• **Records for the exercise**:
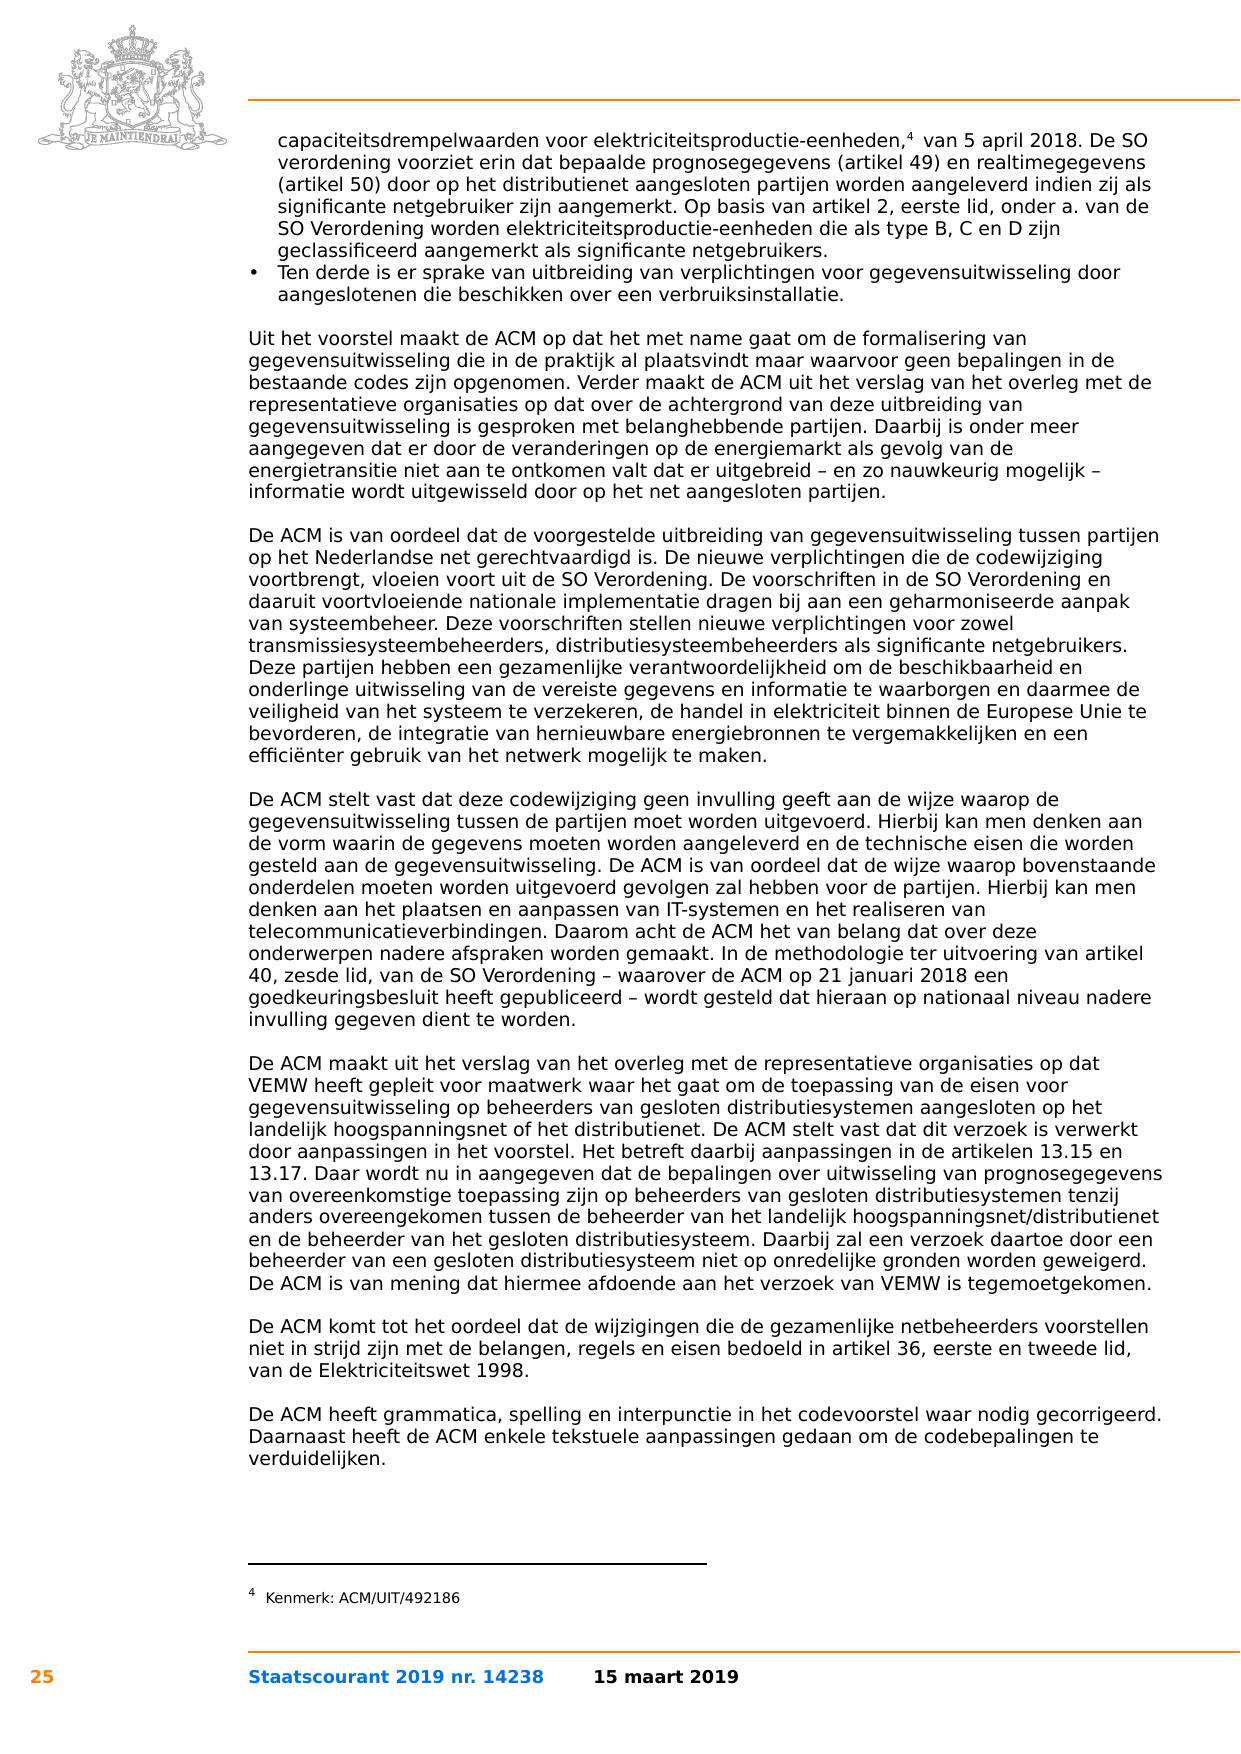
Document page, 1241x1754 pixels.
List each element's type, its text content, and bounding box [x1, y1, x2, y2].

text • Ten derde is er sprake van uitbreiding van verplichtingen voor gegevensuitwisseling door aangeslotenen die beschikken over een verbruiksinstallatie. [248, 262, 1163, 306]
text capaciteitsdrempelwaarden voor elektriciteitsproductie-eenheden, van 5 april 2018. De SO verordening voorziet erin dat bepaalde prognosegegevens (artikel 49) en realtimegegevens (artikel 50) door op het distributienet aangesloten partijen worden aangeleverd indien zij als significante netgebruiker zijn aangemerkt. Op basis van artikel 2, eerste lid, onder a. van de SO Verordening worden elektriciteitsproductie-eenheden die als type B, C en D zijn geclassificeerd aangemerkt als significante netgebruikers. [248, 130, 1163, 262]
text De ACM maakt uit het verslag van het overleg met de representatieve organisaties op dat VEMW heeft gepleit voor maatwerk waar het gaat om de toepassing van de eisen voor gegevensuitwisseling op beheerders van gesloten distributiesystemen aangesloten op het landelijk hoogspanningsnet of het distributienet. De ACM stelt vast dat dit verzoek is verwerkt door aanpassingen in het voorstel. Het betreft daarbij aanpassingen in de artikelen 13.15 en 13.17. Daar wordt nu in aangegeven dat de bepalingen over uitwisseling van prognosegegevens van overeenkomstige toepassing zijn op beheerders van gesloten distributiesystemen tenzij anders overeengekomen tussen de beheerder van het landelijk hoogspanningsnet/distributienet en de beheerder van het gesloten distributiesysteem. Daarbij zal een verzoek daartoe door een beheerder van een gesloten distributiesysteem niet op onredelijke gronden worden geweigerd. De ACM is van mening dat hiermee afdoende aan het verzoek van VEMW is tegemoetgekomen. [248, 1053, 1163, 1294]
text Kenmerk: ACM/UIT/492186 [248, 1586, 1163, 1608]
text De ACM stelt vast dat deze codewijziging geen invulling geeft aan de wijze waarop de gegevensuitwisseling tussen de partijen moet worden uitgevoerd. Hierbij kan men denken aan de vorm waarin de gegevens moeten worden aangeleverd en de technische eisen die worden gesteld aan de gegevensuitwisseling. De ACM is van oordeel dat de wijze waarop bovenstaande onderdelen moeten worden uitgevoerd gevolgen zal hebben voor de partijen. Hierbij kan men denken aan het plaatsen en aanpassen van IT-systemen en het realiseren van telecommunicatieverbindingen. Daarom acht de ACM het van belang dat over deze onderwerpen nadere afspraken worden gemaakt. In de methodologie ter uitvoering van artikel 40, zesde lid, van de SO Verordening – waarover de ACM op 21 januari 2018 een goedkeuringsbesluit heeft gepubliceerd – wordt gesteld dat hieraan op nationaal niveau nadere invulling gegeven dient te worden. [248, 789, 1163, 1031]
text De ACM komt tot het oordeel dat de wijzigingen die de gezamenlijke netbeheerders voorstellen niet in strijd zijn met de belangen, regels en eisen bedoeld in artikel 36, eerste en tweede lid, van de Elektriciteitswet 1998. [248, 1316, 1163, 1382]
text De ACM is van oordeel dat de voorgestelde uitbreiding van gegevensuitwisseling tussen partijen op het Nederlandse net gerechtvaardigd is. De nieuwe verplichtingen die de codewijziging voortbrengt, vloeien voort uit de SO Verordening. De voorschriften in de SO Verordening en daaruit voortvloeiende nationale implementatie dragen bij aan een geharmoniseerde aanpak van systeembeheer. Deze voorschriften stellen nieuwe verplichtingen voor zowel transmissiesysteembeheerders, distributiesysteembeheerders als significante netgebruikers. Deze partijen hebben een gezamenlijke verantwoordelijkheid om de beschikbaarheid en onderlinge uitwisseling van de vereiste gegevens en informatie te waarborgen en daarmee de veiligheid van het systeem te verzekeren, de handel in elektriciteit binnen de Europese Unie te bevorderen, de integratie van hernieuwbare energiebronnen te vergemakkelijken en een efficiënter gebruik van het netwerk mogelijk te maken. [248, 525, 1163, 767]
text Uit het voorstel maakt de ACM op dat het met name gaat om de formalisering van gegevensuitwisseling die in de praktijk al plaatsvindt maar waarvoor geen bepalingen in de bestaande codes zijn opgenomen. Verder maakt de ACM uit het verslag van het overleg met de representatieve organisaties op dat over de achtergrond van deze uitbreiding van gegevensuitwisseling is gesproken met belanghebbende partijen. Daarbij is onder meer aangegeven dat er door de veranderingen op de energiemarkt als gevolg van de energietransitie niet aan te ontkomen valt dat er uitgebreid – en zo nauwkeurig mogelijk – informatie wordt uitgewisseld door op het net aangesloten partijen. [248, 328, 1163, 503]
picture [38, 25, 227, 150]
text De ACM heeft grammatica, spelling en interpunctie in het codevoorstel waar nodig gecorrigeerd. Daarnaast heeft de ACM enkele tekstuele aanpassingen gedaan om de codebepalingen te verduidelijken. [248, 1404, 1163, 1470]
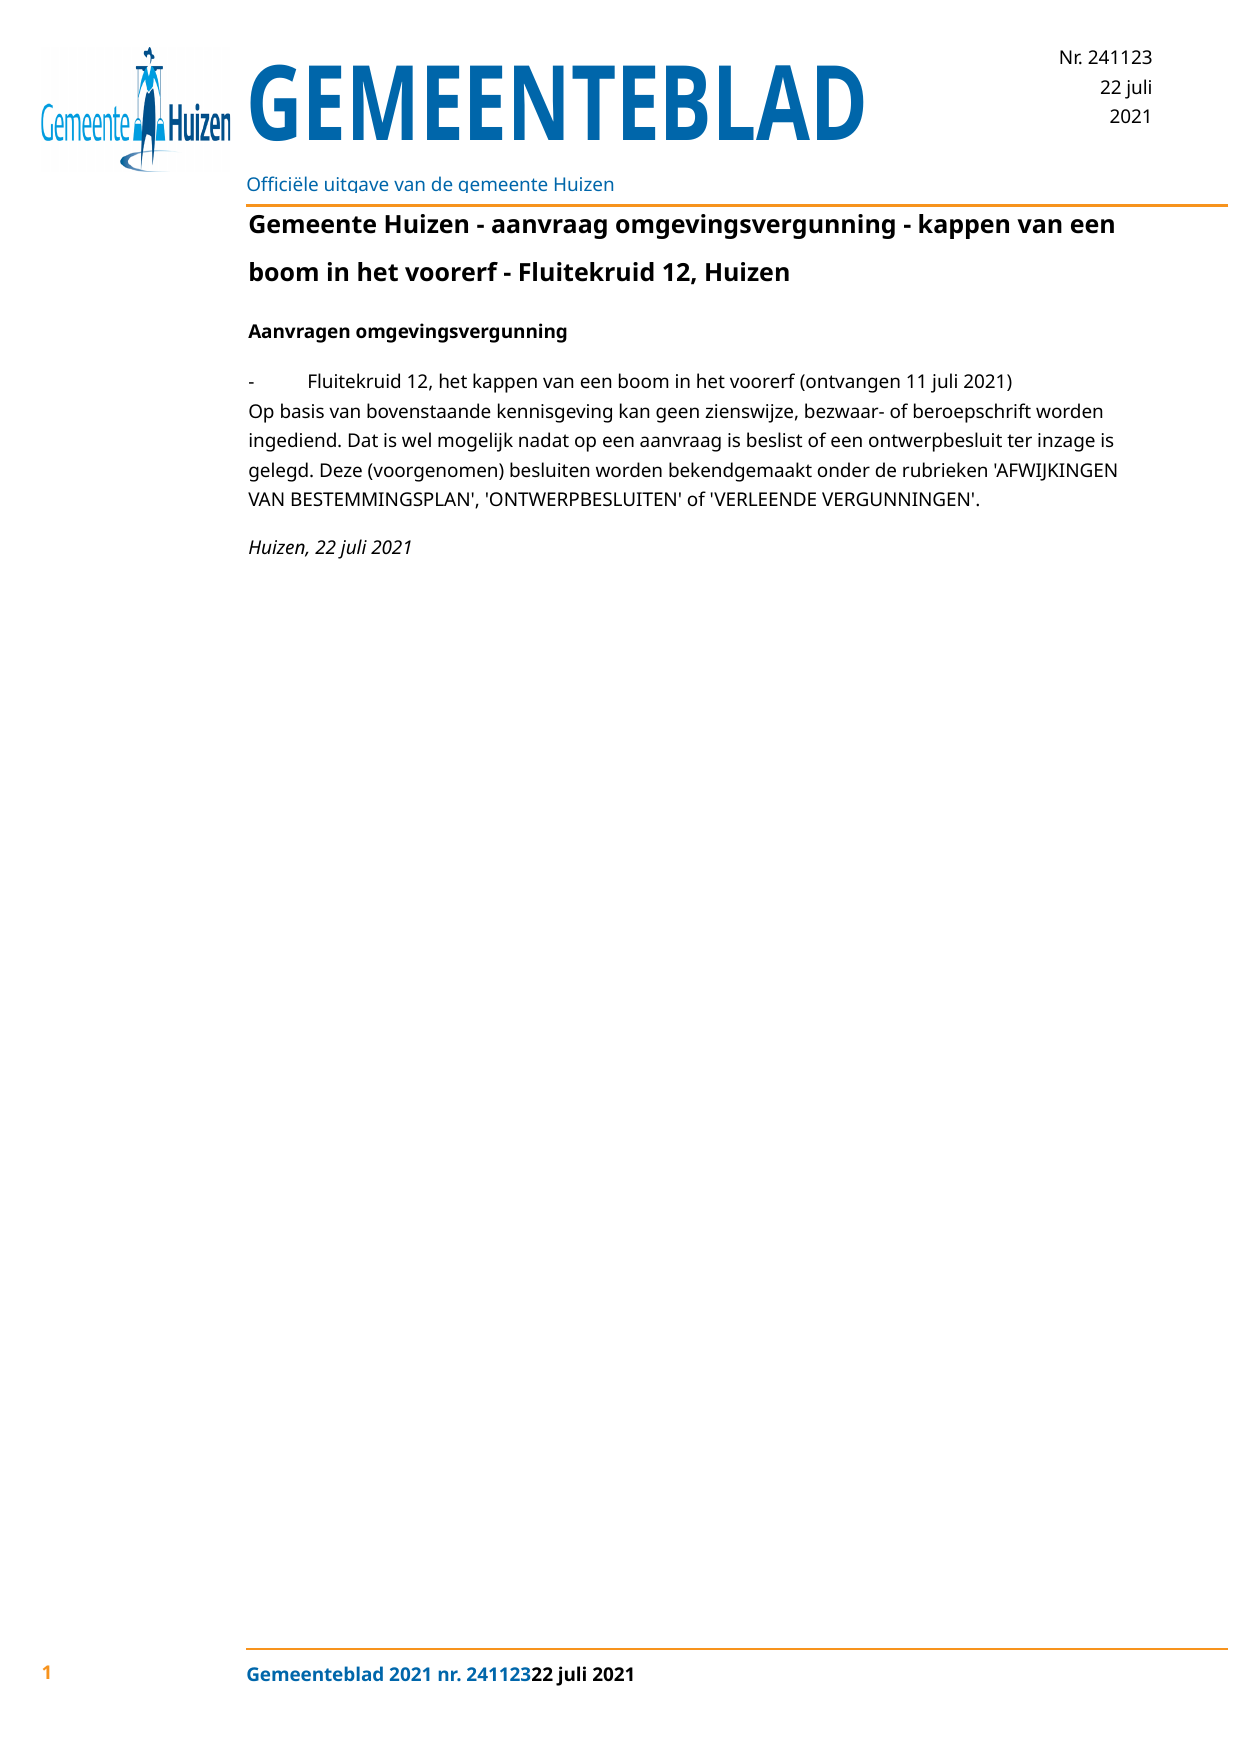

• **Problem to work on**: Once you find the line containing "picture [38, 25, 227, 150]", retype it and every line after it through the last line of the records above, exactly. Add nothing else, and leave out the pictures.

• **Output**:
picture [38, 25, 227, 150]
text De ACM heeft grammatica, spelling en interpunctie in het codevoorstel waar nodig gecorrigeerd. Daarnaast heeft de ACM enkele tekstuele aanpassingen gedaan om de codebepalingen te verduidelijken. [248, 1404, 1163, 1470]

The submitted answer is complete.